[[ Recorded data open ]]

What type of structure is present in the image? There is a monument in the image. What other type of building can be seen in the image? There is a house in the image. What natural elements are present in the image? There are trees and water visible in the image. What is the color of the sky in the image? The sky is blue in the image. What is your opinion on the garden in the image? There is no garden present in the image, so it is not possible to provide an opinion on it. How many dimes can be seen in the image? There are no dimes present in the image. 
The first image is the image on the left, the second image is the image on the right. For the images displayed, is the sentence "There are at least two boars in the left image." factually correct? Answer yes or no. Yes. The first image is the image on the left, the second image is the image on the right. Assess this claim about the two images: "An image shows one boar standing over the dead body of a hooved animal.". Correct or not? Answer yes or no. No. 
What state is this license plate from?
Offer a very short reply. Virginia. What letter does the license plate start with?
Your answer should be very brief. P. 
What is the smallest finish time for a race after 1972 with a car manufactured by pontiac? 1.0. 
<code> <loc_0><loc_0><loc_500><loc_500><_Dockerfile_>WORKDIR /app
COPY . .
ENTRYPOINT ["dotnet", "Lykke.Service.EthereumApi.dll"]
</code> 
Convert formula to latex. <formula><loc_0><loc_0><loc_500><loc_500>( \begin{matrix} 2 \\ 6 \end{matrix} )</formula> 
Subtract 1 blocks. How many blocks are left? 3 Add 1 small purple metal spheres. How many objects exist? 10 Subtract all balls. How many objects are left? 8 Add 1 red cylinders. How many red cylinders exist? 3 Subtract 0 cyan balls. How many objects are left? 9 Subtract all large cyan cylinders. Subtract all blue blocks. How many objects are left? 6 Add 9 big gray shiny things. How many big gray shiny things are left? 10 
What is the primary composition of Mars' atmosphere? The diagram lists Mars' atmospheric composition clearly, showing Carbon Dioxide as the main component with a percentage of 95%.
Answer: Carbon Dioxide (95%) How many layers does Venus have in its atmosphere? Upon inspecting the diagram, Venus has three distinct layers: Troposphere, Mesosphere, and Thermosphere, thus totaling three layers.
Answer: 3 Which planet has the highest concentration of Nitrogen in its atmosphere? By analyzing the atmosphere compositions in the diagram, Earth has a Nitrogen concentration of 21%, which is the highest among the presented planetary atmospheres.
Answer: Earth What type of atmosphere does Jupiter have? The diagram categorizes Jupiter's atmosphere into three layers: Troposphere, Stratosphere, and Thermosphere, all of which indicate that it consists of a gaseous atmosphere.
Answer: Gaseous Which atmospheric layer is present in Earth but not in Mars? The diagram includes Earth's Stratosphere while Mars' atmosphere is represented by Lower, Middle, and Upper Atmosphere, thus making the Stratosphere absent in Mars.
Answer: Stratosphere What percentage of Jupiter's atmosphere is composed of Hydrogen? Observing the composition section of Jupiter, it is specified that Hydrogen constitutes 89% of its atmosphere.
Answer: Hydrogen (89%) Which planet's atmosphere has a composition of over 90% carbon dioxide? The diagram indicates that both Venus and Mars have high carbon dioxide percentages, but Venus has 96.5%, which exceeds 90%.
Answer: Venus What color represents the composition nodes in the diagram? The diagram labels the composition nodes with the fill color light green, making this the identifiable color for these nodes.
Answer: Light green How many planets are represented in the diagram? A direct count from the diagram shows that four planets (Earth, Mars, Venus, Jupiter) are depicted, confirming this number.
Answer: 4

[[ Recorded data closed ]]

Work instruction:
An exact repeat of the lines from the one containing "Answer: Hydrogen (89%)" through the final line of the entries is the whole answer.

Solution to this exercise:
Answer: Hydrogen (89%) Which planet's atmosphere has a composition of over 90% carbon dioxide? The diagram indicates that both Venus and Mars have high carbon dioxide percentages, but Venus has 96.5%, which exceeds 90%.
Answer: Venus What color represents the composition nodes in the diagram? The diagram labels the composition nodes with the fill color light green, making this the identifiable color for these nodes.
Answer: Light green How many planets are represented in the diagram? A direct count from the diagram shows that four planets (Earth, Mars, Venus, Jupiter) are depicted, confirming this number.
Answer: 4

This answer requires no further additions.